* SOURCE DATA *
================================

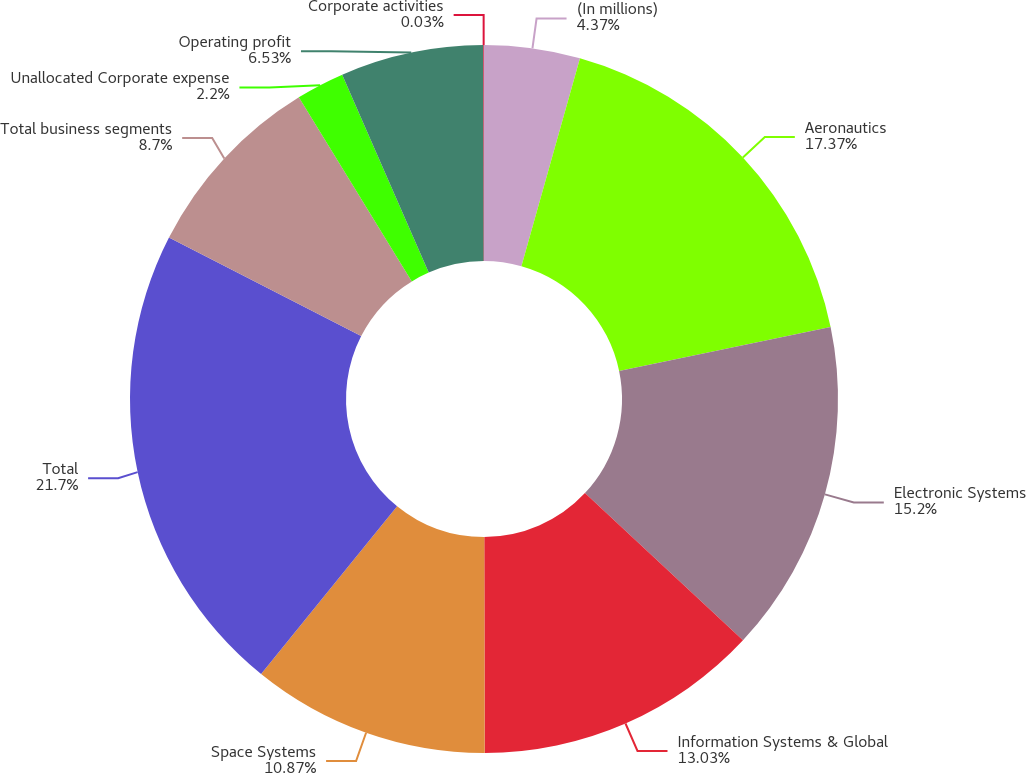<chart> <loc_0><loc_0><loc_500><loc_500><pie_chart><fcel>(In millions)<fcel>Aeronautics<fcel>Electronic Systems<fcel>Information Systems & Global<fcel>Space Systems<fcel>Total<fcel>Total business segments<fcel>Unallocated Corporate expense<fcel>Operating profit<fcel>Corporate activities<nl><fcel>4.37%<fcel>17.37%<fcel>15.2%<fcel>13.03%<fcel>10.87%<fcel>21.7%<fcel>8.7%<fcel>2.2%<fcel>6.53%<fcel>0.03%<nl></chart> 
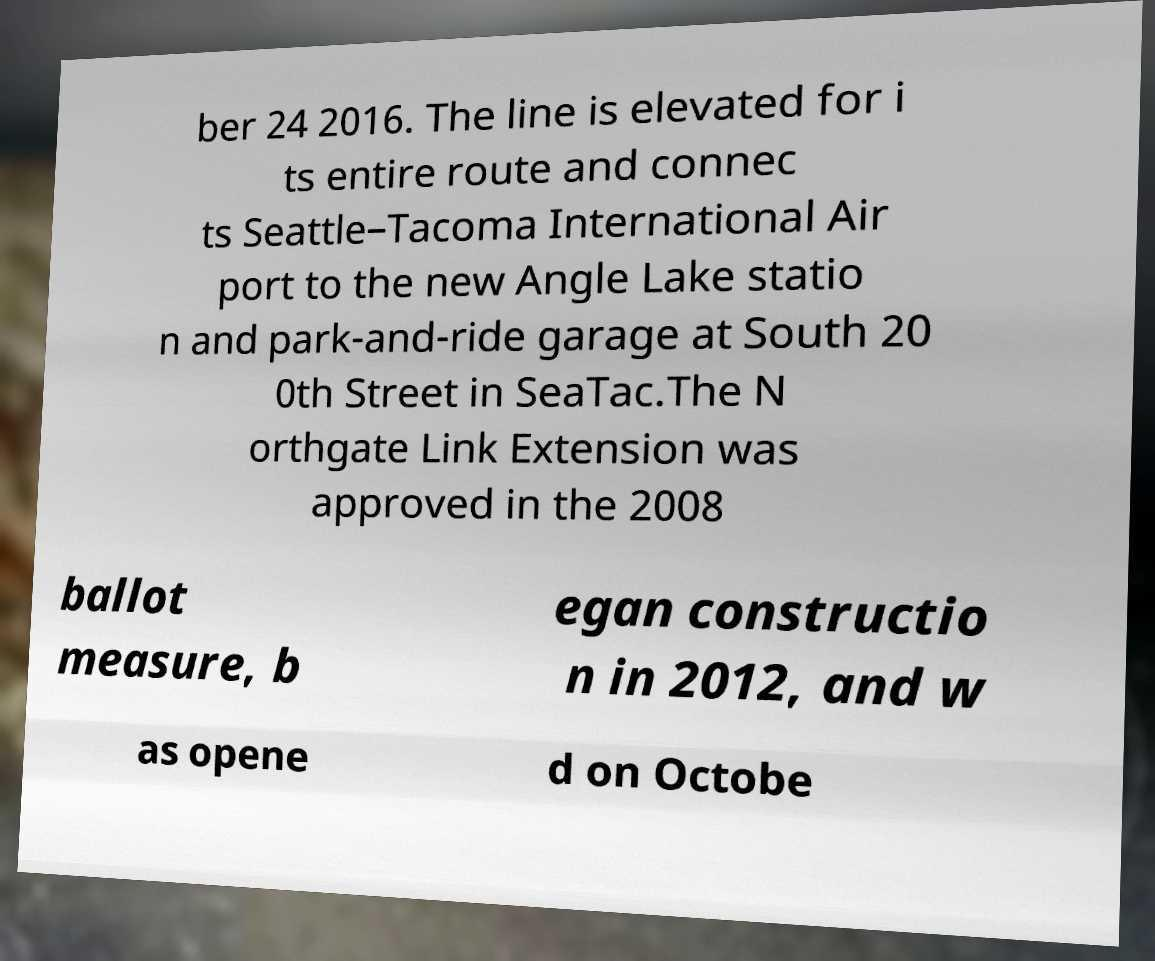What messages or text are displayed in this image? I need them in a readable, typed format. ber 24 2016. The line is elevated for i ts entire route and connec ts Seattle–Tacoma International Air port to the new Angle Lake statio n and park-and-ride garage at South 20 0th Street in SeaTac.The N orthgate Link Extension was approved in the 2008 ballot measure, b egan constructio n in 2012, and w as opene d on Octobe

================================

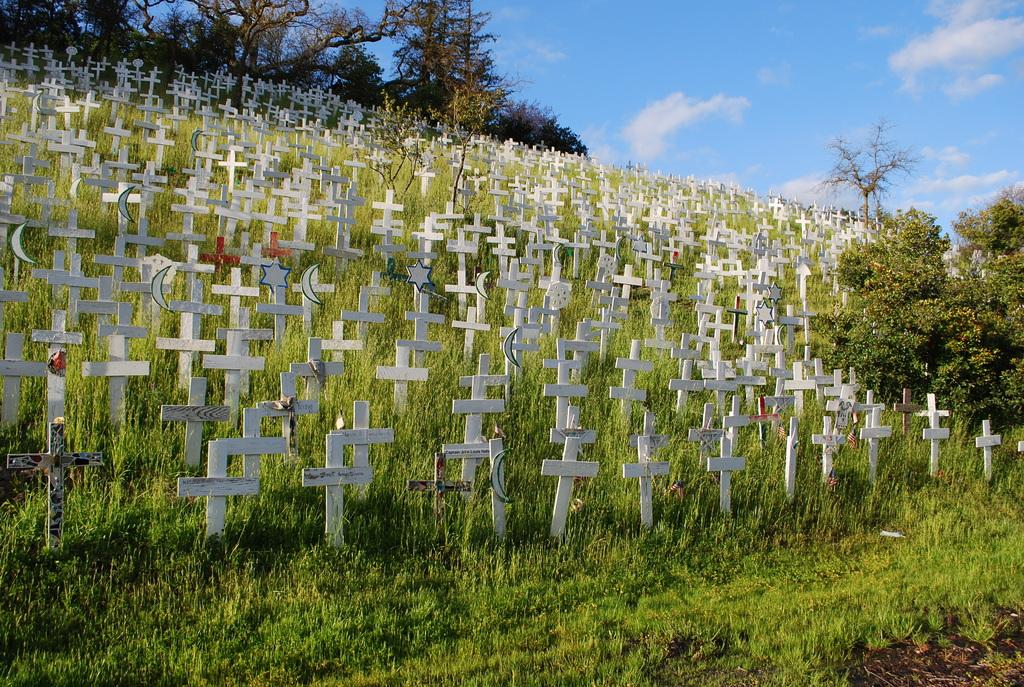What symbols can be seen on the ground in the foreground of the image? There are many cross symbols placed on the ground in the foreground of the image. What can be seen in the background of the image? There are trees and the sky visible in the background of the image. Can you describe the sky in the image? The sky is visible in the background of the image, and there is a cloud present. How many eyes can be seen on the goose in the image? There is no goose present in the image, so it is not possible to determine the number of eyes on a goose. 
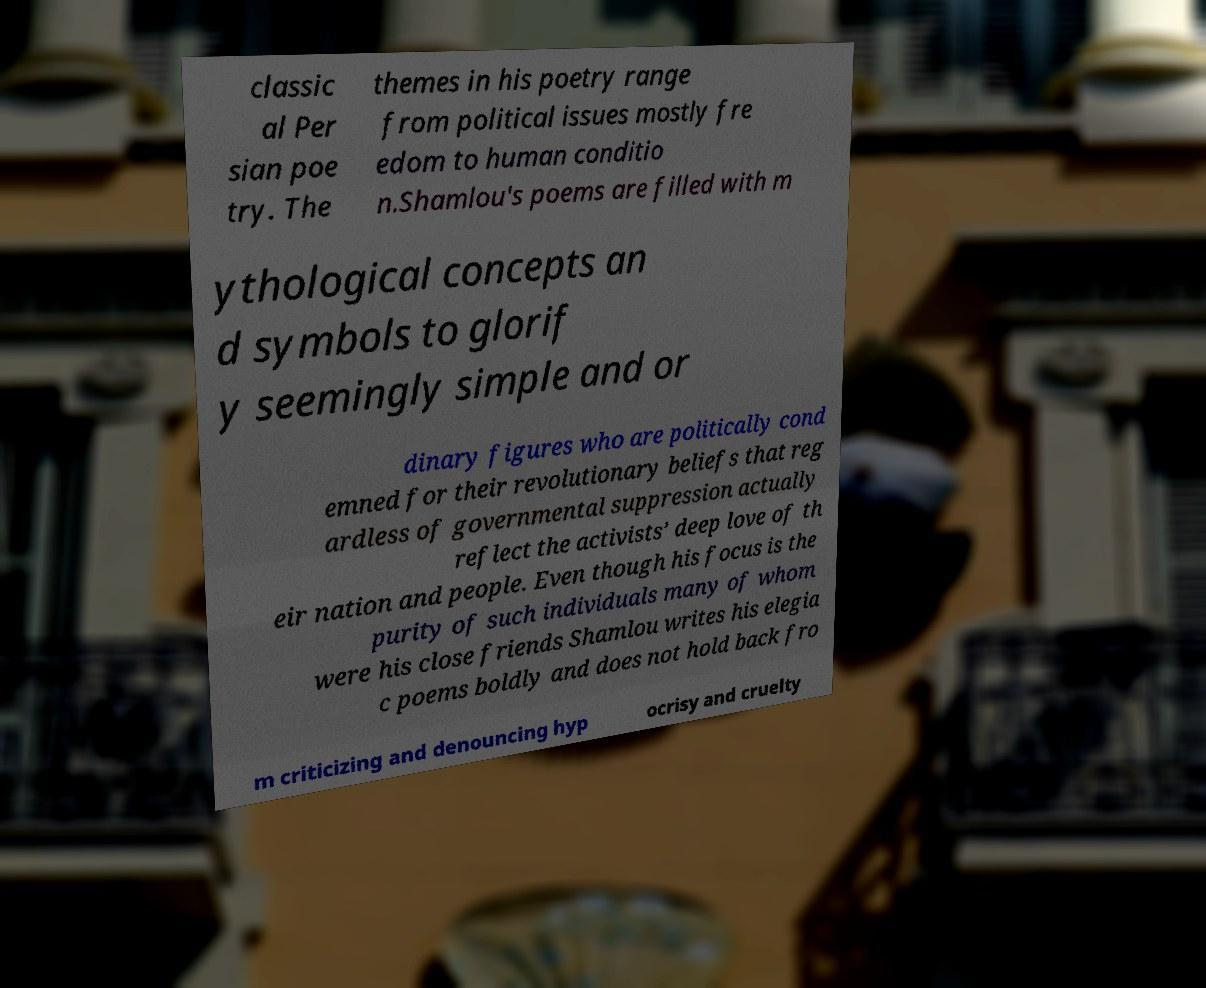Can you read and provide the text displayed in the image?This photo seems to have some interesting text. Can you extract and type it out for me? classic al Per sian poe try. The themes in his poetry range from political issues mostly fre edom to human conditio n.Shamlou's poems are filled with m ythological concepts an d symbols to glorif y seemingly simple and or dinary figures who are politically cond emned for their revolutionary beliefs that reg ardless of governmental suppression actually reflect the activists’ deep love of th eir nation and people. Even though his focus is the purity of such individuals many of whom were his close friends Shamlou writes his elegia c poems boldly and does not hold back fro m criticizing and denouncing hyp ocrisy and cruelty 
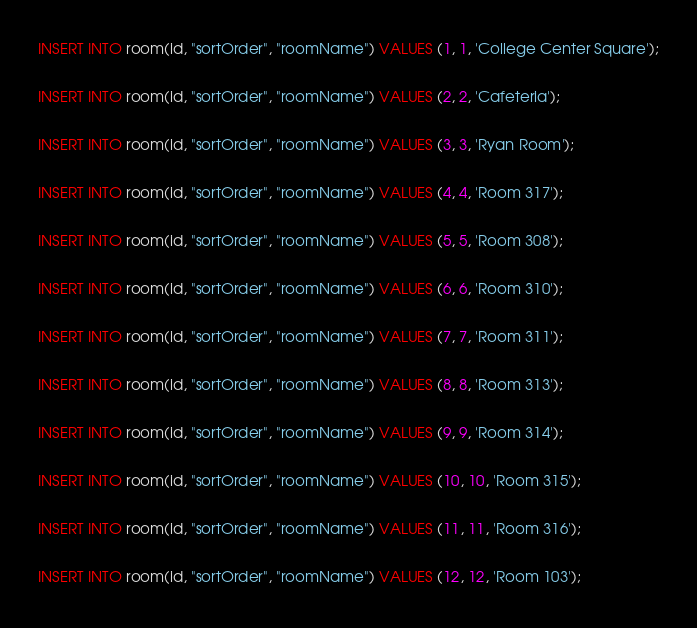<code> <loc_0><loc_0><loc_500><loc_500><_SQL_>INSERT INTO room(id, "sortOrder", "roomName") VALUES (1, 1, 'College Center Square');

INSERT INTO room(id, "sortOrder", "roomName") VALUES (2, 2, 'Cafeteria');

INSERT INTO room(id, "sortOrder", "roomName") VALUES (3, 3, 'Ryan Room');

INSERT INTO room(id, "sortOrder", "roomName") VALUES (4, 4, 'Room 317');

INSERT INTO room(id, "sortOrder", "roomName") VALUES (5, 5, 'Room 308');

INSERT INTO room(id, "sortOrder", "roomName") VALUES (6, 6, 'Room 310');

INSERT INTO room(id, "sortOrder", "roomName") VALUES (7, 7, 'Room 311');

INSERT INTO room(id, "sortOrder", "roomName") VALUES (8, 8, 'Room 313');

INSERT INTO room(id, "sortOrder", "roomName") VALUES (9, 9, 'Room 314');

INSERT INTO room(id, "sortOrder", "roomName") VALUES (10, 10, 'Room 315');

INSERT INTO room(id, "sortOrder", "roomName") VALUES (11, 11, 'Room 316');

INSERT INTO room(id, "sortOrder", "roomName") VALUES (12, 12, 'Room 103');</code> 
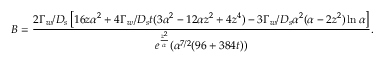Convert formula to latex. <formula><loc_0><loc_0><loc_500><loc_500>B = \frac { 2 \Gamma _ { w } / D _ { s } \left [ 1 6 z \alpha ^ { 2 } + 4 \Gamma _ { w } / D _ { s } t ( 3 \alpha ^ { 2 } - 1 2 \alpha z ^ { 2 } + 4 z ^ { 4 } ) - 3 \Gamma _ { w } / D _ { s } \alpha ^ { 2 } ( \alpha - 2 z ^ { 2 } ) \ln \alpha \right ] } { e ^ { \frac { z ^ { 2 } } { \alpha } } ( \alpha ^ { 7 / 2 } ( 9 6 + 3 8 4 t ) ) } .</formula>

================================

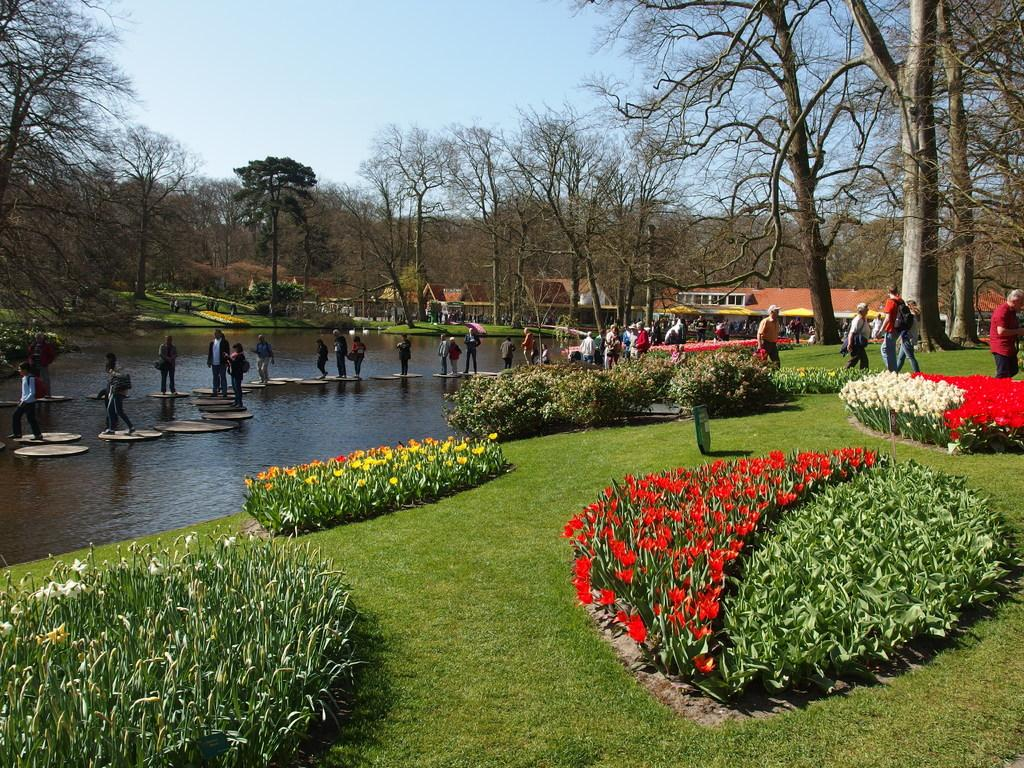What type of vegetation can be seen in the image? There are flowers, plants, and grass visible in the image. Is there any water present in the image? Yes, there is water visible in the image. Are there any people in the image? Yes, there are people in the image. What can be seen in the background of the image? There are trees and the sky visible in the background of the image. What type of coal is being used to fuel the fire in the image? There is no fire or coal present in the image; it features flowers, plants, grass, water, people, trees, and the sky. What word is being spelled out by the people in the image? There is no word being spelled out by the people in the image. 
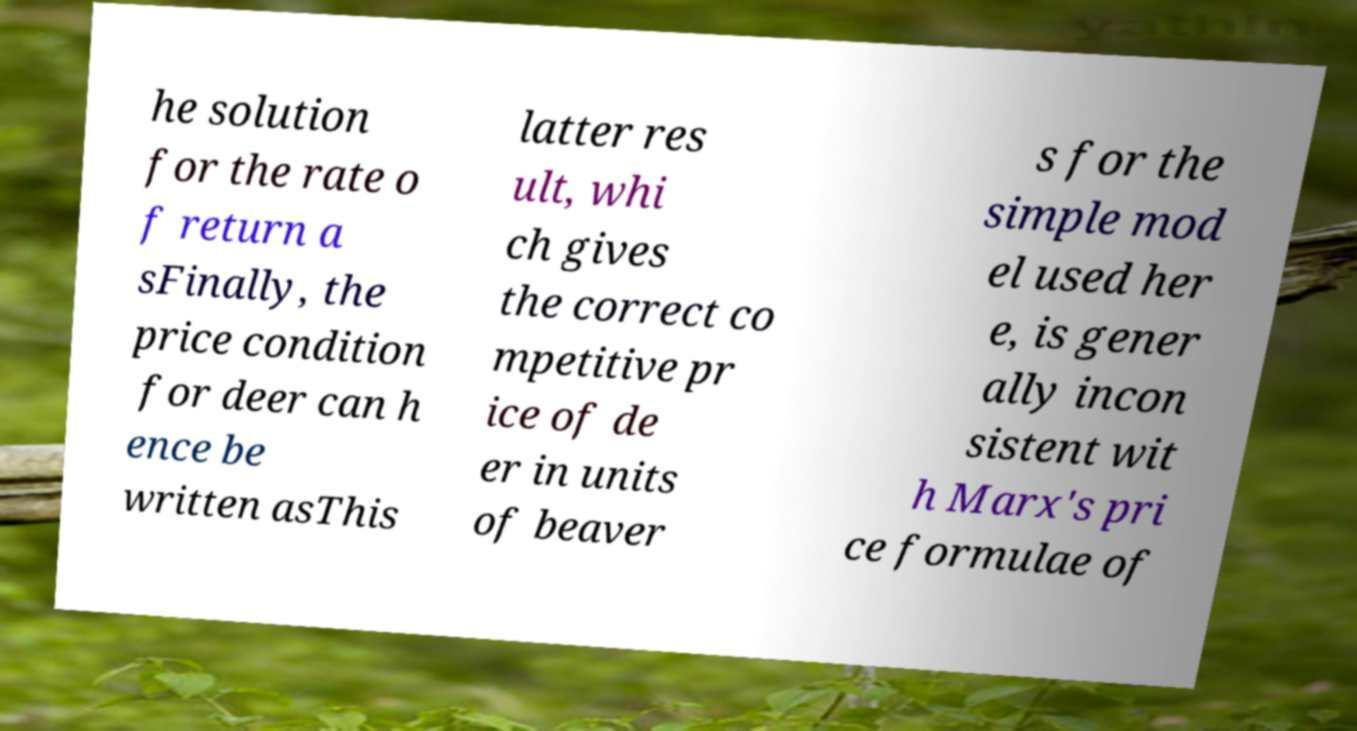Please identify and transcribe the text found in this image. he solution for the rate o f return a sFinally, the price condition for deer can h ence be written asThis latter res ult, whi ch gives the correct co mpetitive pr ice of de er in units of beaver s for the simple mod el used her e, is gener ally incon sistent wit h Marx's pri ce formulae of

================================

* WHAT YOU NEED TO DO *
Reproduce, word for word, only the lines in the records above from the line with "<code> <loc_0><loc_0><loc_500><loc_500><_SQL_>INSERT INTO" through the line with "Convert formula to", including both ends; omit the pictures.

* ANSWER BELOW *
<code> <loc_0><loc_0><loc_500><loc_500><_SQL_>INSERT INTO room(id, "sortOrder", "roomName") VALUES (1, 1, 'College Center Square');

INSERT INTO room(id, "sortOrder", "roomName") VALUES (2, 2, 'Cafeteria');

INSERT INTO room(id, "sortOrder", "roomName") VALUES (3, 3, 'Ryan Room');

INSERT INTO room(id, "sortOrder", "roomName") VALUES (4, 4, 'Room 317');

INSERT INTO room(id, "sortOrder", "roomName") VALUES (5, 5, 'Room 308');

INSERT INTO room(id, "sortOrder", "roomName") VALUES (6, 6, 'Room 310');

INSERT INTO room(id, "sortOrder", "roomName") VALUES (7, 7, 'Room 311');

INSERT INTO room(id, "sortOrder", "roomName") VALUES (8, 8, 'Room 313');

INSERT INTO room(id, "sortOrder", "roomName") VALUES (9, 9, 'Room 314');

INSERT INTO room(id, "sortOrder", "roomName") VALUES (10, 10, 'Room 315');

INSERT INTO room(id, "sortOrder", "roomName") VALUES (11, 11, 'Room 316');

INSERT INTO room(id, "sortOrder", "roomName") VALUES (12, 12, 'Room 103');</code> 
Convert formula to latex. <formula><loc_0><loc_0><loc_500><loc_500>B = \frac { 2 \Gamma _ { w } / D _ { s } \left [ 1 6 z \alpha ^ { 2 } + 4 \Gamma _ { w } / D _ { s } t ( 3 \alpha ^ { 2 } - 1 2 \alpha z ^ { 2 } + 4 z ^ { 4 } ) - 3 \Gamma _ { w } / D _ { s } \alpha ^ { 2 } ( \alpha - 2 z ^ { 2 } ) \ln \alpha \right ] } { e ^ { \frac { z ^ { 2 } } { \alpha } } ( \alpha ^ { 7 / 2 } ( 9 6 + 3 8 4 t ) ) } .</formula>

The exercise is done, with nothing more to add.